Data records:
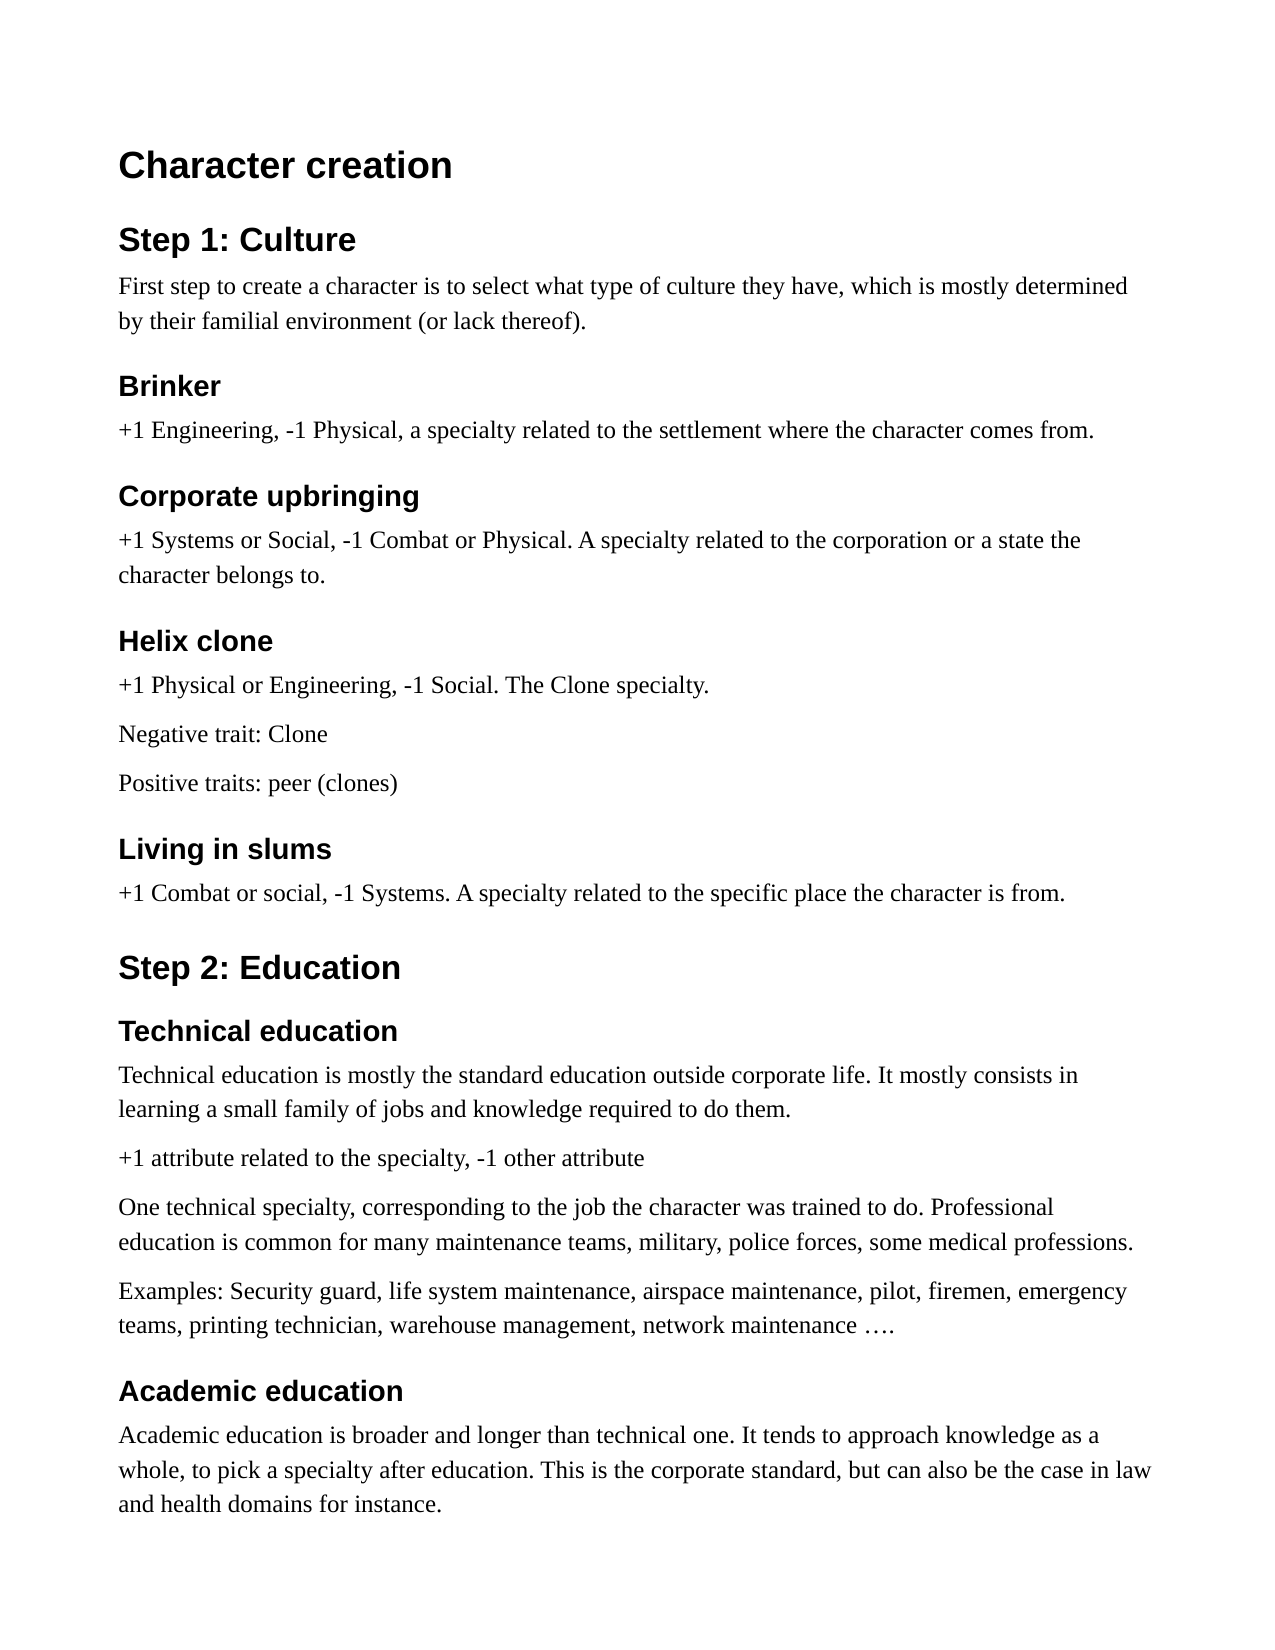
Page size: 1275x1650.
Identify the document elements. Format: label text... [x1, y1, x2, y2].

text Negative trait: Clone [118, 719, 1157, 748]
text +1 Physical or Engineering, -1 Social. The Clone specialty. [118, 670, 1157, 699]
subtitle Technical education [118, 1013, 1157, 1047]
text +1 Engineering, -1 Physical, a specialty related to the settlement where the character comes from. [118, 416, 1157, 444]
text +1 Systems or Social, -1 Combat or Physical. A specialty related to the corporation or a state the character belongs to. [118, 526, 1157, 589]
text +1 Combat or social, -1 Systems. A specialty related to the specific place the character is from. [118, 878, 1157, 907]
text Academic education is broader and longer than technical one. It tends to approach knowledge as a whole, to pick a specialty after education. This is the corporate standard, but can also be the case in law and health domains for instance. [118, 1420, 1157, 1518]
text Positive traits: peer (clones) [118, 768, 1157, 797]
text One technical specialty, corresponding to the job the character was trained to do. Professional education is common for many maintenance teams, military, police forces, some medical professions. [118, 1192, 1157, 1256]
subtitle Helix clone [118, 624, 1157, 657]
text First step to create a character is to select what type of culture they have, which is mostly determined by their familial environment (or lack thereof). [118, 271, 1157, 334]
text Examples: Security guard, life system maintenance, airspace maintenance, pilot, firemen, emergency teams, printing technician, warehouse management, network maintenance …. [118, 1276, 1157, 1339]
text Technical education is mostly the standard education outside corporate life. It mostly consists in learning a small family of jobs and knowledge required to do them. [118, 1060, 1157, 1123]
subtitle Academic education [118, 1374, 1157, 1408]
subtitle Step 2: Education [118, 948, 1157, 986]
text +1 attribute related to the specialty, -1 other attribute [118, 1143, 1157, 1172]
subtitle Character creation [118, 143, 1157, 187]
subtitle Brinker [118, 369, 1157, 403]
subtitle Living in slums [118, 832, 1157, 865]
subtitle Step 1: Culture [118, 220, 1157, 259]
subtitle Corporate upbringing [118, 479, 1157, 513]
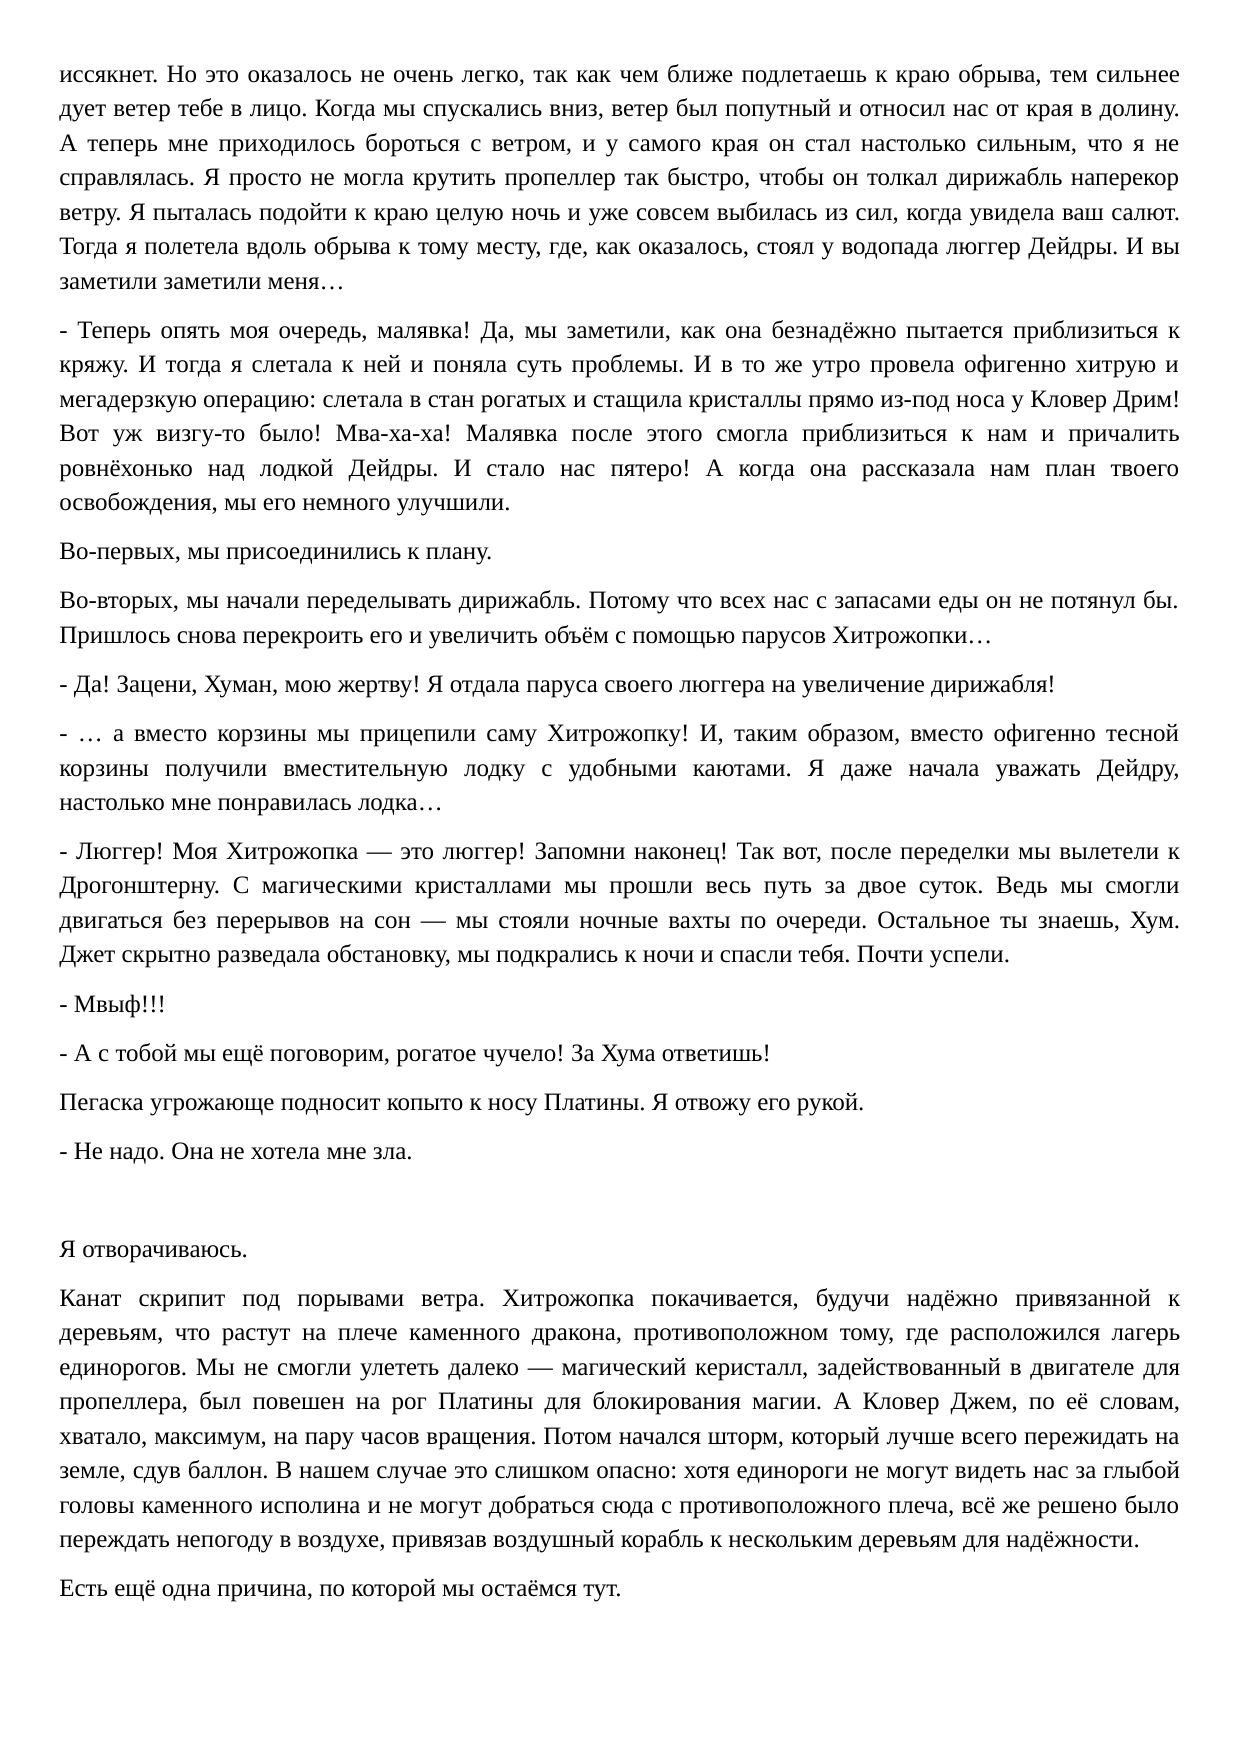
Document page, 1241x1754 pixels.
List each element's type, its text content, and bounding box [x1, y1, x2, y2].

text Я отворачиваюсь. [59, 1234, 1181, 1263]
text - … а вместо корзины мы прицепили саму Хитрожопку! И, таким образом, вместо офигенно тесной корзины получили вместительную лодку с удобными каютами. Я даже начала уважать Дейдру, настолько мне понравилась лодка… [59, 718, 1181, 816]
text - А с тобой мы ещё поговорим, рогатое чучело! За Хума ответишь! [59, 1038, 1181, 1066]
text - Люггер! Моя Хитрожопка — это люггер! Запомни наконец! Так вот, после переделки мы вылетели к Дрогонштерну. С магическими кристаллами мы прошли весь путь за двое суток. Ведь мы смогли двигаться без перерывов на сон — мы стояли ночные вахты по очереди. Остальное ты знаешь, Хум. Джет скрытно разведала обстановку, мы подкрались к ночи и спасли тебя. Почти успели. [59, 836, 1181, 968]
text Канат скрипит под порывами ветра. Хитрожопка покачивается, будучи надёжно привязанной к деревьям, что растут на плече каменного дракона, противоположном тому, где расположился лагерь единорогов. Мы не смогли улететь далеко — магический керисталл, задействованный в двигателе для пропеллера, был повешен на рог Платины для блокирования магии. А Кловер Джем, по её словам, хватало, максимум, на пару часов вращения. Потом начался шторм, который лучше всего пережидать на земле, сдув баллон. В нашем случае это слишком опасно: хотя единороги не могут видеть нас за глыбой головы каменного исполина и не могут добраться сюда с противоположного плеча, всё же решено было переждать непогоду в воздухе, привязав воздушный корабль к нескольким деревьям для надёжности. [59, 1283, 1181, 1553]
text иссякнет. Но это оказалось не очень легко, так как чем ближе подлетаешь к краю обрыва, тем сильнее дует ветер тебе в лицо. Когда мы спускались вниз, ветер был попутный и относил нас от края в долину. А теперь мне приходилось бороться с ветром, и у самого края он стал настолько сильным, что я не справлялась. Я просто не могла крутить пропеллер так быстро, чтобы он толкал дирижабль наперекор ветру. Я пыталась подойти к краю целую ночь и уже совсем выбилась из сил, когда увидела ваш салют. Тогда я полетела вдоль обрыва к тому месту, где, как оказалось, стоял у водопада люггер Дейдры. И вы заметили заметили меня… [59, 59, 1181, 295]
text Во-вторых, мы начали переделывать дирижабль. Потому что всех нас с запасами еды он не потянул бы. Пришлось снова перекроить его и увеличить объём с помощью парусов Хитрожопки… [59, 586, 1181, 649]
text - Теперь опять моя очередь, малявка! Да, мы заметили, как она безнадёжно пытается приблизиться к кряжу. И тогда я слетала к ней и поняла суть проблемы. И в то же утро провела офигенно хитрую и мегадерзкую операцию: слетала в стан рогатых и стащила кристаллы прямо из-под носа у Кловер Дрим! Вот уж визгу-то было! Мва-ха-ха! Малявка после этого смогла приблизиться к нам и причалить ровнёхонько над лодкой Дейдры. И стало нас пятеро! А когда она рассказала нам план твоего освобождения, мы его немного улучшили. [59, 315, 1181, 516]
text - Мвыф!!! [59, 989, 1181, 1017]
text - Да! Зацени, Хуман, мою жертву! Я отдала паруса своего люггера на увеличение дирижабля! [59, 669, 1181, 698]
text Пегаска угрожающе подносит копыто к носу Платины. Я отвожу его рукой. [59, 1087, 1181, 1116]
text Есть ещё одна причина, по которой мы остаёмся тут. [59, 1573, 1181, 1602]
text Во-первых, мы присоединились к плану. [59, 536, 1181, 565]
text - Не надо. Она не хотела мне зла. [59, 1136, 1181, 1164]

== WHAT THIS TASK INVOLVES ==
Lines from the one that contains "text Пегаска угрожающе" through the final line of the entries must be duplicated exactly, and no other lines.

== RESPONSE BOX ==
text Пегаска угрожающе подносит копыто к носу Платины. Я отвожу его рукой. [59, 1087, 1181, 1116]
text Есть ещё одна причина, по которой мы остаёмся тут. [59, 1573, 1181, 1602]
text Во-первых, мы присоединились к плану. [59, 536, 1181, 565]
text - Не надо. Она не хотела мне зла. [59, 1136, 1181, 1164]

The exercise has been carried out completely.